From: Linus Torvalds <firstname.lastname@example.org>
Subject: Re: [patch, 2.6.10-rc2] sched: fix ->nr_uninterruptible handling
Date: Wed, 17 Nov 2004 15:54:52 GMT
On Wed, 17 Nov 2004, Ingo Molnar wrote:
> In practice this means it's 10 cycles more expensive on P3-style CPUs.
> (I think on P4 style CPUs it should be much closer to 0, but i havent
> been able to reliably time it there - cycle measurements show a 76
> cycles cost which is way out of line.)
No, it's not way out of line. It _is_ that expensive. It seems to totally
synchronize the trace cache or something.

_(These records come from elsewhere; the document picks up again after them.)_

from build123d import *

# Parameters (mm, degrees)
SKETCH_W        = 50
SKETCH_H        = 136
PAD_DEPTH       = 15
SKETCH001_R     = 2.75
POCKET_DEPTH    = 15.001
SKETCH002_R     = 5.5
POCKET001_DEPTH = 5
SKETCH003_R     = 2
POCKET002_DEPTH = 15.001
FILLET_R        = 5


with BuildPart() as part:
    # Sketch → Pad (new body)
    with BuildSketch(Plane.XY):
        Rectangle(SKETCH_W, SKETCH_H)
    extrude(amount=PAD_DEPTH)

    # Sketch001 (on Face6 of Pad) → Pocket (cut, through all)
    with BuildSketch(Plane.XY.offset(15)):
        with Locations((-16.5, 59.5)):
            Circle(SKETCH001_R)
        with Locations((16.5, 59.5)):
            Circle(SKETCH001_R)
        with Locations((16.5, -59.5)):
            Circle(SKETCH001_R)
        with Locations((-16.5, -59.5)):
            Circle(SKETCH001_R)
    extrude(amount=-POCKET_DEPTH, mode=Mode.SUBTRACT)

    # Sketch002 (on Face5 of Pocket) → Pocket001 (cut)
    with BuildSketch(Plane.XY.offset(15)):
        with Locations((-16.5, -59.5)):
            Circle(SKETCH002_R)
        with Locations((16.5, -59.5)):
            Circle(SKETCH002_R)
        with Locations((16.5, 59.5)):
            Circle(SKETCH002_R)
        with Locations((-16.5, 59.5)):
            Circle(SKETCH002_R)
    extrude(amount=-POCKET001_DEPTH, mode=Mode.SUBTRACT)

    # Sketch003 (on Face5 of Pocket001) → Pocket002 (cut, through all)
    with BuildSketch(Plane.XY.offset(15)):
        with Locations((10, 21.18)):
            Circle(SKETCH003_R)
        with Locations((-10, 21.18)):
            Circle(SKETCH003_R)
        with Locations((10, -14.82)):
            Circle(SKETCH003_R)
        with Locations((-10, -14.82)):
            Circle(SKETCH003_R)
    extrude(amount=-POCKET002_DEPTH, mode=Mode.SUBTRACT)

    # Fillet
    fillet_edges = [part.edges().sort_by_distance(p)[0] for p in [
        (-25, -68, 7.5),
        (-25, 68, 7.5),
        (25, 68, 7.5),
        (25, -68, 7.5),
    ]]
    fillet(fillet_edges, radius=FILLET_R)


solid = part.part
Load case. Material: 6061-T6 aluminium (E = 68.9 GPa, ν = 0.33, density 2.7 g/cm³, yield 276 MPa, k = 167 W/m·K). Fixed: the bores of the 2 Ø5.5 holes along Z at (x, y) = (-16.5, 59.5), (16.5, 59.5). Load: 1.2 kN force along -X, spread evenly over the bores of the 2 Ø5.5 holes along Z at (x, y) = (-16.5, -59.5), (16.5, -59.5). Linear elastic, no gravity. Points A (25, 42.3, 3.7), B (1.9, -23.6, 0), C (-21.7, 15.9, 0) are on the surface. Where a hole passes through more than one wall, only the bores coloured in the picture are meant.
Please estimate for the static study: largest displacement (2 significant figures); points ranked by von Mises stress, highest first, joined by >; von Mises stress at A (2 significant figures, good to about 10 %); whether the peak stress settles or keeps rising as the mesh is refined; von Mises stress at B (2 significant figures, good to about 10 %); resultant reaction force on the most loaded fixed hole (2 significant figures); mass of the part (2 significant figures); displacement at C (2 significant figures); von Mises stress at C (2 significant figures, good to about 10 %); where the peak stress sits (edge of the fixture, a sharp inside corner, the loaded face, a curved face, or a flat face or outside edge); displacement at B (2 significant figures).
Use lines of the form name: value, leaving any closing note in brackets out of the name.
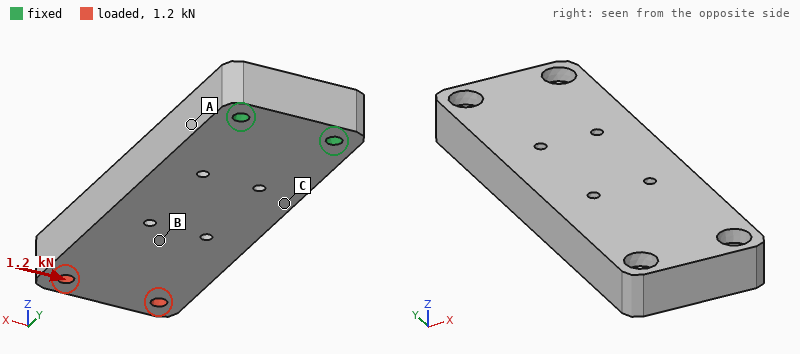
largest displacement: 96 µm
points ranked by von Mises stress, highest first, joined by >: A > C > B
von Mises stress at A: 20 MPa
whether the peak stress settles or keeps rising as the mesh is refined: keeps rising
von Mises stress at B: 5.5 MPa
resultant reaction force on the most loaded fixed hole: 4.1 kN
mass of the part: 260 g
displacement at C: 24 µm
von Mises stress at C: 13 MPa
where the peak stress sits: edge of the fixture
displacement at B: 52 µm
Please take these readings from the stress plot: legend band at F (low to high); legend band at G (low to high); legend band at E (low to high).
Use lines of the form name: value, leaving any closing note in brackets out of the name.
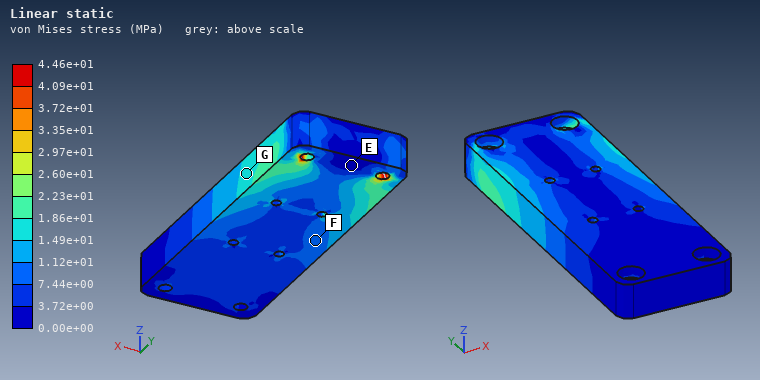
legend band at F: 7.44e+00 to 1.12e+01 MPa
legend band at G: 1.49e+01 to 1.86e+01 MPa
legend band at E: 0.00e+00 to 3.72e+00 MPa
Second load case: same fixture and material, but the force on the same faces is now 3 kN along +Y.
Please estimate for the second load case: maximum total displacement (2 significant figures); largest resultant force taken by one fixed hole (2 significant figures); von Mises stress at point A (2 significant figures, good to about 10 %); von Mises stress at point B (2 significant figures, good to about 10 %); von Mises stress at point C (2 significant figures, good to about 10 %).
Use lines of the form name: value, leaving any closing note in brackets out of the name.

maximum total displacement: 61 µm
largest resultant force taken by one fixed hole: 1.5 kN
von Mises stress at point A: 6.4 MPa
von Mises stress at point B: 8.3 MPa
von Mises stress at point C: 8.4 MPa
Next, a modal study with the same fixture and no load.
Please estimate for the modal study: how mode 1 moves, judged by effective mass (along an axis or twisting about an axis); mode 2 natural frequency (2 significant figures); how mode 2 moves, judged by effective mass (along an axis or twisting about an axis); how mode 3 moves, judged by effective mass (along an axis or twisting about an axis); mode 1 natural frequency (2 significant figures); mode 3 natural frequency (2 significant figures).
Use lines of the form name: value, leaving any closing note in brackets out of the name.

how mode 1 moves, judged by effective mass: along Z
mode 2 natural frequency: 2100 Hz
how mode 2 moves, judged by effective mass: along X
how mode 3 moves, judged by effective mass: twisting about Y
mode 1 natural frequency: 640 Hz
mode 3 natural frequency: 3300 Hz
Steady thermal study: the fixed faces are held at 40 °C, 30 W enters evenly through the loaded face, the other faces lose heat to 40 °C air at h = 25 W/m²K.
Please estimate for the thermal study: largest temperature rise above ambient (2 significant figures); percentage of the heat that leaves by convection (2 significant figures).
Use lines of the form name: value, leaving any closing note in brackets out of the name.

largest temperature rise above ambient: 28 K
percentage of the heat that leaves by convection: 22 %
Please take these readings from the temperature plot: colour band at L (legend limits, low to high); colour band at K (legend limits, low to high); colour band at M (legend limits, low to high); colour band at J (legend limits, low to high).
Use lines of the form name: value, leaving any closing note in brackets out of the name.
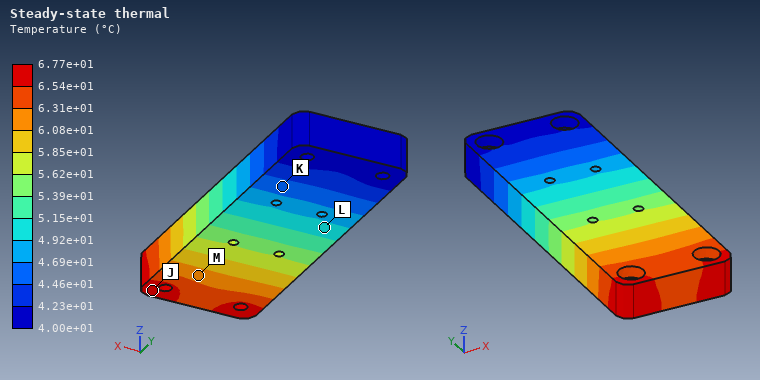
colour band at L: 4.92e+01 to 5.15e+01 °C
colour band at K: 4.46e+01 to 4.69e+01 °C
colour band at M: 6.08e+01 to 6.31e+01 °C
colour band at J: 6.54e+01 to 6.77e+01 °C
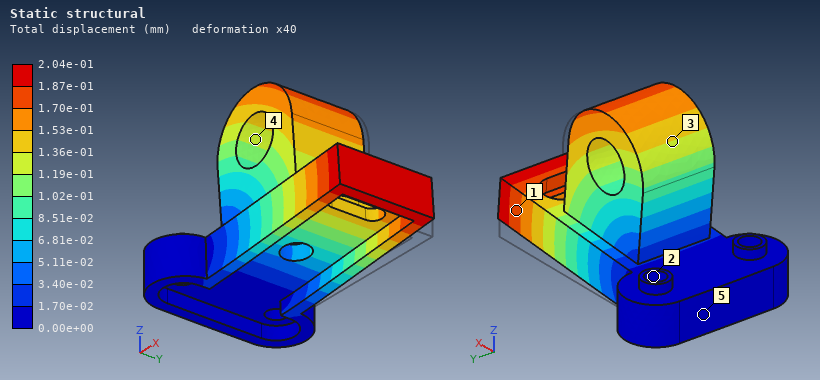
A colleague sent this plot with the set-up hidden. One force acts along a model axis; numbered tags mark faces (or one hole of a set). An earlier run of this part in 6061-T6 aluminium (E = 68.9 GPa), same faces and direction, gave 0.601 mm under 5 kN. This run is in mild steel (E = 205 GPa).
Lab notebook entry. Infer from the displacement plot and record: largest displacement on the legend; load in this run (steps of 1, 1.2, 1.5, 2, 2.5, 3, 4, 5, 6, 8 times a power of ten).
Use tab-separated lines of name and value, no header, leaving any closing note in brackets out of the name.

largest displacement on the legend	2.04e-01 mm
load in this run	5 kN
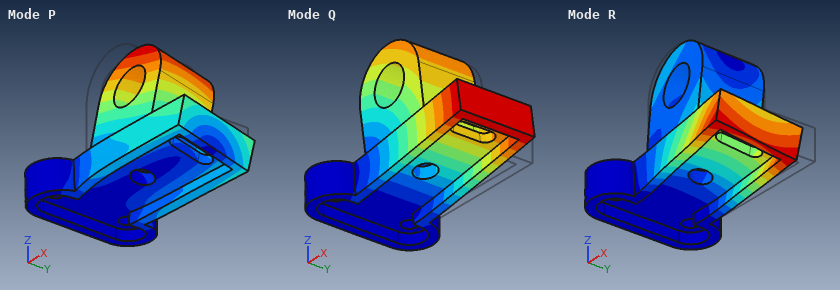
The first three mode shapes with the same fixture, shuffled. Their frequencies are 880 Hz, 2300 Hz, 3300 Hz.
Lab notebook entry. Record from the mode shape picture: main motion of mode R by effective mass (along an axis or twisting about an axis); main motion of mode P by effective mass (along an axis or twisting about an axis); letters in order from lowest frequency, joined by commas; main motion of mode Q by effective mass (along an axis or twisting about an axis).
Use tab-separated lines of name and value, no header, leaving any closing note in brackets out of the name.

main motion of mode R by effective mass	along Y
main motion of mode P by effective mass	along Y
letters in order from lowest frequency, joined by commas	Q, P, R
main motion of mode Q by effective mass	along Z

It shows up very clearly in profiles. Spinlocks and atomic operations are
very expensive even on UP, where there are zero cache bounce issues. I'm
not kidding you - compile an SMP kernel, run it on a UP P4, and check it
out with oprofile.
I did that just a few weeks ago out of idle curiousity about some lmbench
And it's not just P4's either. It shows up on at least P-M's too, even
though that's a PPro-based core like a PIII. It's at least 22 cycles
according to my tests (certainly not 10), but it seems to have a bigger
impact than that, likely because it also ends up serializing the pipeline
around it (ie it makes the instructions _around_ it slower too, something
you don't end up seeing if you just do rdtsc which _also_ serializes).
Try lmbench some time. Just pick a UP machine, compile a UP kernel on it,
run lmbench, then compile a SMP kernel, and run it again. There's
literally a 10-20% performance hit on a lot of things. Just from a
_couple_ of locks on the paths.
Sure, some of it is actual different paths, like the VM teardown, which
on SMP is just fundamentally more expensive because we have to be more
careful. So mmap latency (delayed page frees) and file delete (delayed RCU
delete of dentry) ends up having differences of 30-40%. But the 10-20%
differences are things where the _only_ difference really is just the
totally uncontended locking.
That's on a P-M. On a P4 it is _worse_, I think.